Leveling
Under Verebnung a simplified calculation method is spherical triangles understood they have on plane triangles returns. The method is used in geodesy and partially in spherical trigonometry when two to three triangular angles are measured in nature or otherwise known. It gives an accuracy in the millimeter range for triangle sides of a length of up to about 100 km , i.e. H. approx.
The calculation process is as follows:
- approximate calculation of the triangular area (provisional values are sufficient for this)
- Calculation of the spherical excess by which the sum of the angles of a spherical triangle exceeds the value of 180 °:
- from the approximate triangular area :
- 3. Reduction of all measured (spherical) triangular angles by
- 4. Calculation of the sides of the triangle using plane trigonometry .
In the case of a very small spherical triangle (small compared to the entire surface of the earth ) the sum of the angles only slightly exceeds the value of 180 °. So has z. For example, an equilateral triangle with sides 21 km long has a spherical excess of only 1 " (about ten times the modern measurement accuracy ).
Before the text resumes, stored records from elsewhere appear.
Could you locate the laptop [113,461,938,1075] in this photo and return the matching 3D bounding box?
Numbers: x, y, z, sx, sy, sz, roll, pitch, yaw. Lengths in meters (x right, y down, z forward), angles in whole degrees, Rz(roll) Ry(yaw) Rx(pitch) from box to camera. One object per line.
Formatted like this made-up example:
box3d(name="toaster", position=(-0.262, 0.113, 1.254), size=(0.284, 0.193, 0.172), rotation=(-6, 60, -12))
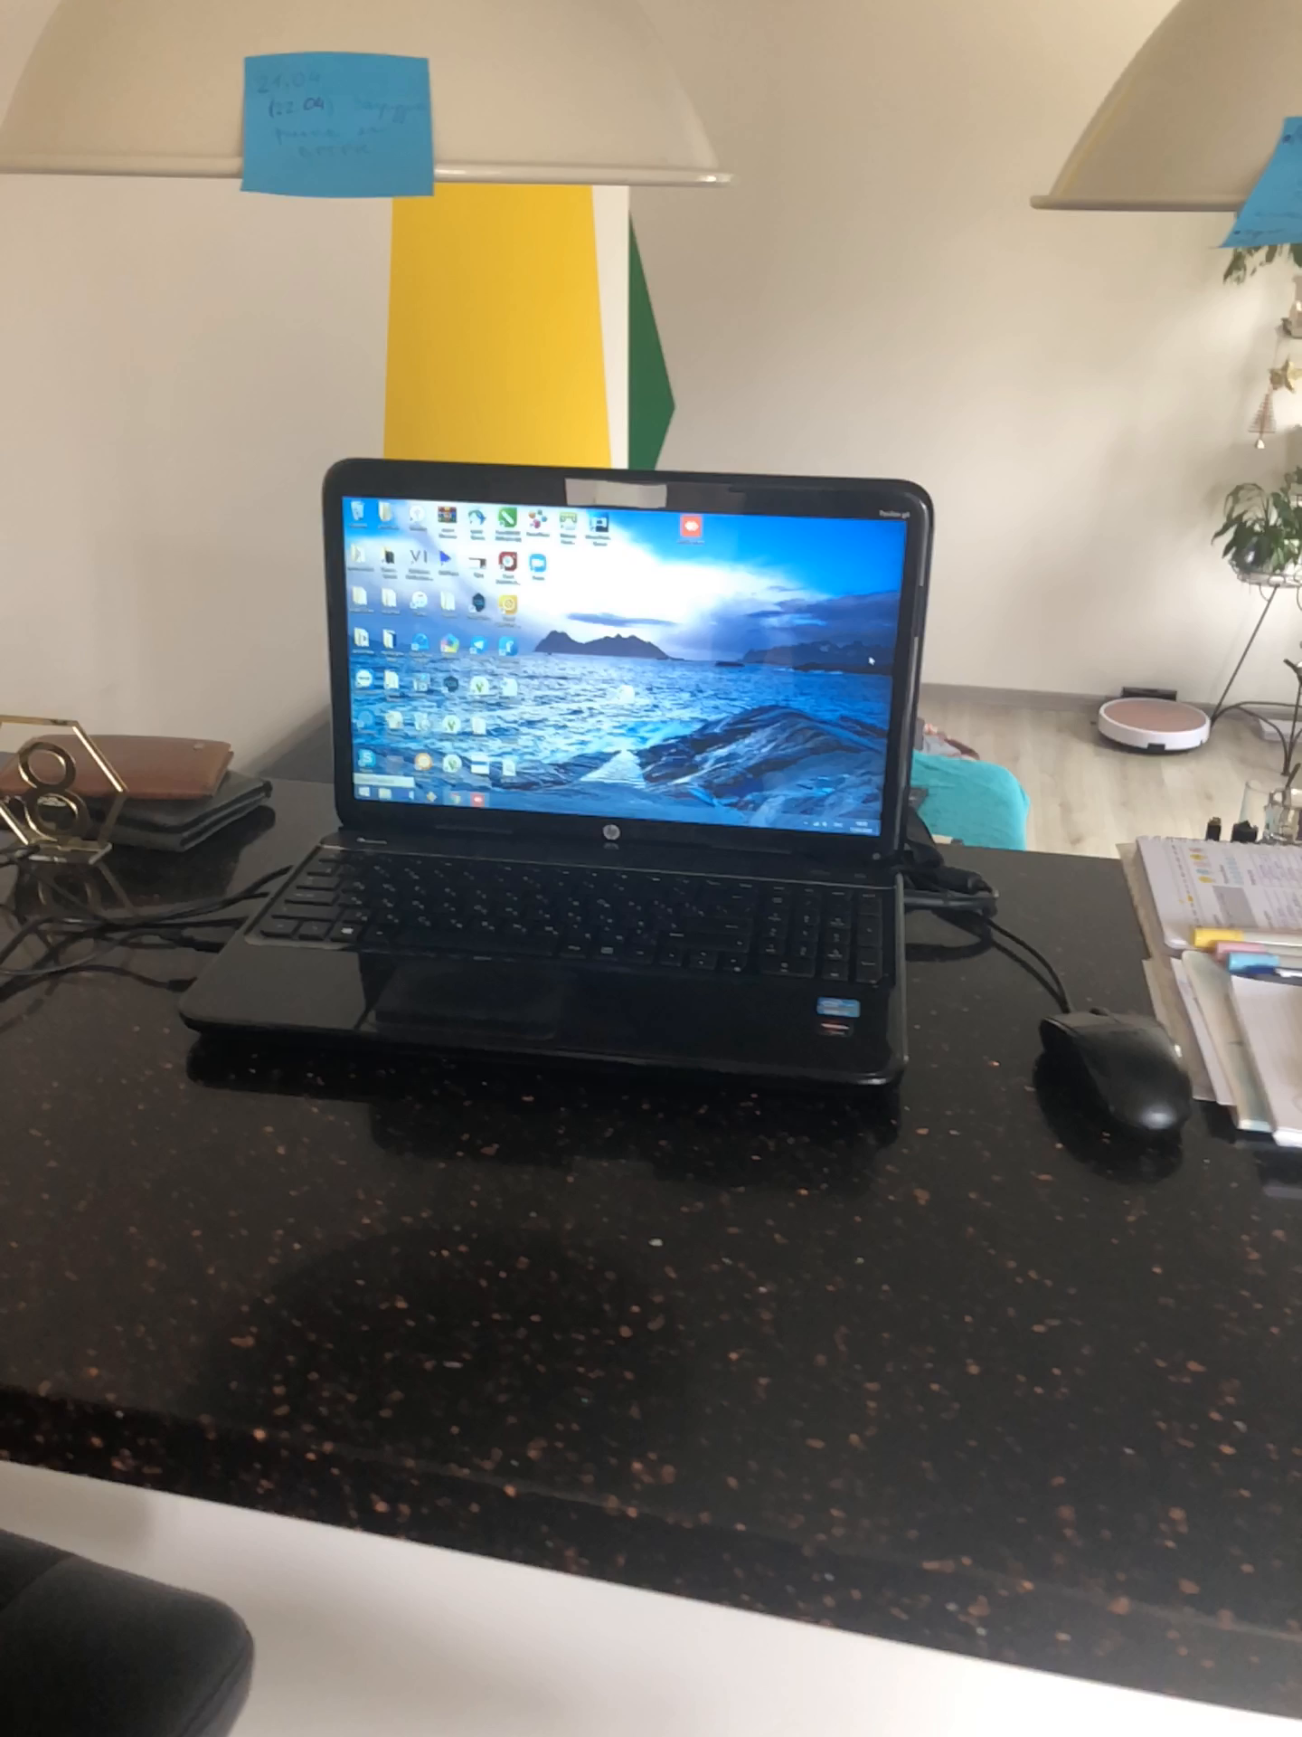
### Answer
box3d(name="laptop", position=(-0.040, -0.075, 0.776), size=(0.360, 0.217, 0.269), rotation=(4, 25, 8))

If the triangle covers almost half the spherical surface (three angles of almost 180 °), the sum of the angles is only slightly smaller than 540 ° and the excess therefore almost 360 °.
The direct connection between excess and triangular area becomes clear in the eighth of a sphere (equilateral triangle with three spherical angles of 90 ° each), where is. Such a triangle connects z. B. a quarter of the equator with the North Pole . According to the calculation rule above, the three angles are to be reduced by in each case , so that 60 ° results in the angle that a flat equilateral triangle has.